* [WHAT IS REQUIRED]: Show the lines below that contain the string "whole".

====

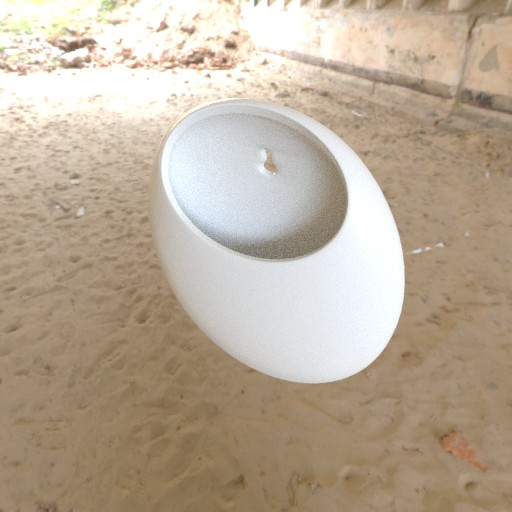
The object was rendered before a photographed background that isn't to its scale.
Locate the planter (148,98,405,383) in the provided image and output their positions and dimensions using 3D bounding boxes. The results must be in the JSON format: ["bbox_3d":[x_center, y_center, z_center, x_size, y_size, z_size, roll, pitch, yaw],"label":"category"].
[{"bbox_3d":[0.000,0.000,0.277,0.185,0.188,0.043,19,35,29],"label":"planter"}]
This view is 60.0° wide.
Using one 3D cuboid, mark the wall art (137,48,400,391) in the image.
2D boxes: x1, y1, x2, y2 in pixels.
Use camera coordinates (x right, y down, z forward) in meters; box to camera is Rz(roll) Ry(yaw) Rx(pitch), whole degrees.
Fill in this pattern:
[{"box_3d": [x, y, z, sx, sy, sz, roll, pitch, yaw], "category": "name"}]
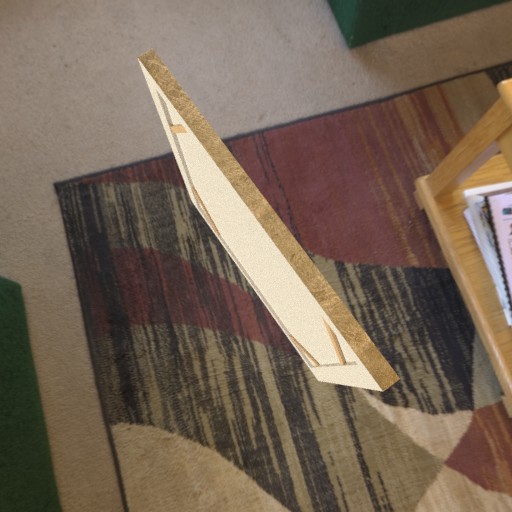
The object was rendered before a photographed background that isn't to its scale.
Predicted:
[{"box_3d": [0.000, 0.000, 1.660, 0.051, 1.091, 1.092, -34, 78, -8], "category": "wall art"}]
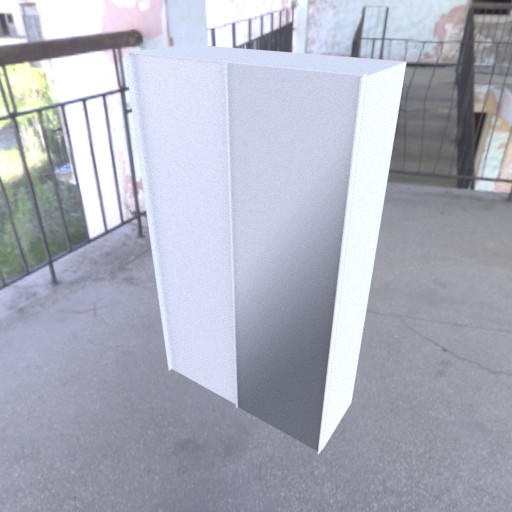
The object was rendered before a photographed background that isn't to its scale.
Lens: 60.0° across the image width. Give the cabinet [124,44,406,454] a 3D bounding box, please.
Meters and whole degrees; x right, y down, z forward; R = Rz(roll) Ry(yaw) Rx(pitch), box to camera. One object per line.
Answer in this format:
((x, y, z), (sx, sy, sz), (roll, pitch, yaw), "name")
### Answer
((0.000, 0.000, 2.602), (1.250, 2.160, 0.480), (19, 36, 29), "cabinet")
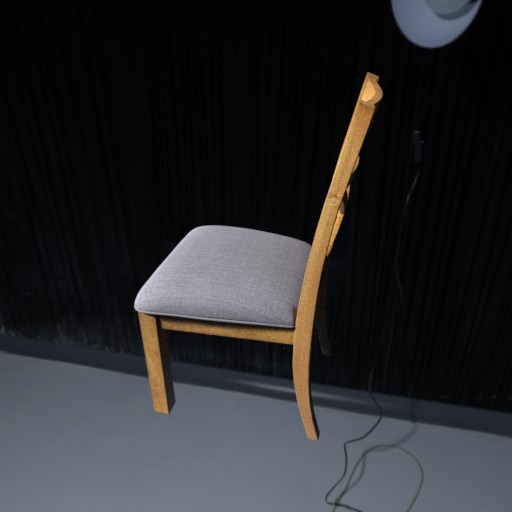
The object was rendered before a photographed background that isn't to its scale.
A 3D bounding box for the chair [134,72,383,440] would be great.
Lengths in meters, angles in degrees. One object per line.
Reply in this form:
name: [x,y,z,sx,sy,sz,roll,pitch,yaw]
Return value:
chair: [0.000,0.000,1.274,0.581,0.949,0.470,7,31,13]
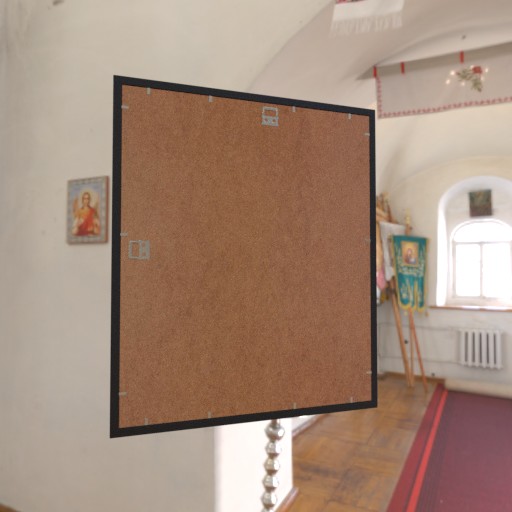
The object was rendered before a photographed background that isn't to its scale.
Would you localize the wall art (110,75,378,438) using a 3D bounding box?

====

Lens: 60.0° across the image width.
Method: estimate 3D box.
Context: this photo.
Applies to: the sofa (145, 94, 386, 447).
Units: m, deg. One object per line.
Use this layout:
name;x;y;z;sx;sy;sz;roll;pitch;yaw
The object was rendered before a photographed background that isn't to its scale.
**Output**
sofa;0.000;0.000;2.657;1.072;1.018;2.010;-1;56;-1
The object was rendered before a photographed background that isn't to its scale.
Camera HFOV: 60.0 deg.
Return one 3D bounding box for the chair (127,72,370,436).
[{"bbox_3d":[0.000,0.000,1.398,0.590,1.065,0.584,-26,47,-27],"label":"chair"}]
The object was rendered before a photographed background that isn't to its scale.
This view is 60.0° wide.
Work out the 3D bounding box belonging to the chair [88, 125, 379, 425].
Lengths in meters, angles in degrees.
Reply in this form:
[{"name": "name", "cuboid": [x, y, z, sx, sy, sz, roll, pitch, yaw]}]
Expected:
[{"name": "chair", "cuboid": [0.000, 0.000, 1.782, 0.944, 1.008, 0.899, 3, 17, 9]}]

====

* [SOLUTION]:
Use camera coordinates (x right, y down, z forward) in meters; box to camera is Rz(roll) Ry(yaw) Rx(pitch), whole degrees.
Meters and whole degrees; x right, y down, z forward; R = Rz(roll) Ry(yaw) Rx(pitch), box to camera. One object per line.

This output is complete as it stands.